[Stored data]
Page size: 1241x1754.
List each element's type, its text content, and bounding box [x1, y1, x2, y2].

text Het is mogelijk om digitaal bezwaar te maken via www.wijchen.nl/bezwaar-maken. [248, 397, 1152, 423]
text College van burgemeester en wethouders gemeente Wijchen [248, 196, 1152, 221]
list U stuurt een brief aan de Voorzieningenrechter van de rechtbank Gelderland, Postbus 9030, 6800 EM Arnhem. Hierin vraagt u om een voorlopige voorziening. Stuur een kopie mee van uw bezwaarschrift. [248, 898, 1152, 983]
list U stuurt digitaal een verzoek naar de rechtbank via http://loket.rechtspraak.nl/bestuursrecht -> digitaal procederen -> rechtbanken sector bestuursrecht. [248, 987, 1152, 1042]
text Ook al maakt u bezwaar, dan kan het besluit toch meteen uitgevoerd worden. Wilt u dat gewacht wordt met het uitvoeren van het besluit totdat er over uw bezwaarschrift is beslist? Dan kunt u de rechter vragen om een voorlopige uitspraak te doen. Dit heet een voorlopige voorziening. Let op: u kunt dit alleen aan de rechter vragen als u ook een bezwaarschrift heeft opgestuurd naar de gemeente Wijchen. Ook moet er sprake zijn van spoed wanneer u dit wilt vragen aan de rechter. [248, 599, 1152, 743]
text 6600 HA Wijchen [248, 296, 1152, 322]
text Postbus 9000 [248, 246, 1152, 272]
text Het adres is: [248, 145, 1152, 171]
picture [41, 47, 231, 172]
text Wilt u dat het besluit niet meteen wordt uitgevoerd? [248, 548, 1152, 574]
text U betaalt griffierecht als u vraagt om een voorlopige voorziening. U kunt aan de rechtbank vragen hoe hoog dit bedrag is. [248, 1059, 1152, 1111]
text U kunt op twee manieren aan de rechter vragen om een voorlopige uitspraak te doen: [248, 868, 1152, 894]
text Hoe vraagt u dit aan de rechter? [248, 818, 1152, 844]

What you have to do
Find each line of the data above that holds the word "meteen", then copy it.

Solution
text Ook al maakt u bezwaar, dan kan het besluit toch meteen uitgevoerd worden. Wilt u dat gewacht wordt met het uitvoeren van het besluit totdat er over uw bezwaarschrift is beslist? Dan kunt u de rechter vragen om een voorlopige uitspraak te doen. Dit heet een voorlopige voorziening. Let op: u kunt dit alleen aan de rechter vragen als u ook een bezwaarschrift heeft opgestuurd naar de gemeente Wijchen. Ook moet er sprake zijn van spoed wanneer u dit wilt vragen aan de rechter. [248, 599, 1152, 743]
text Wilt u dat het besluit niet meteen wordt uitgevoerd? [248, 548, 1152, 574]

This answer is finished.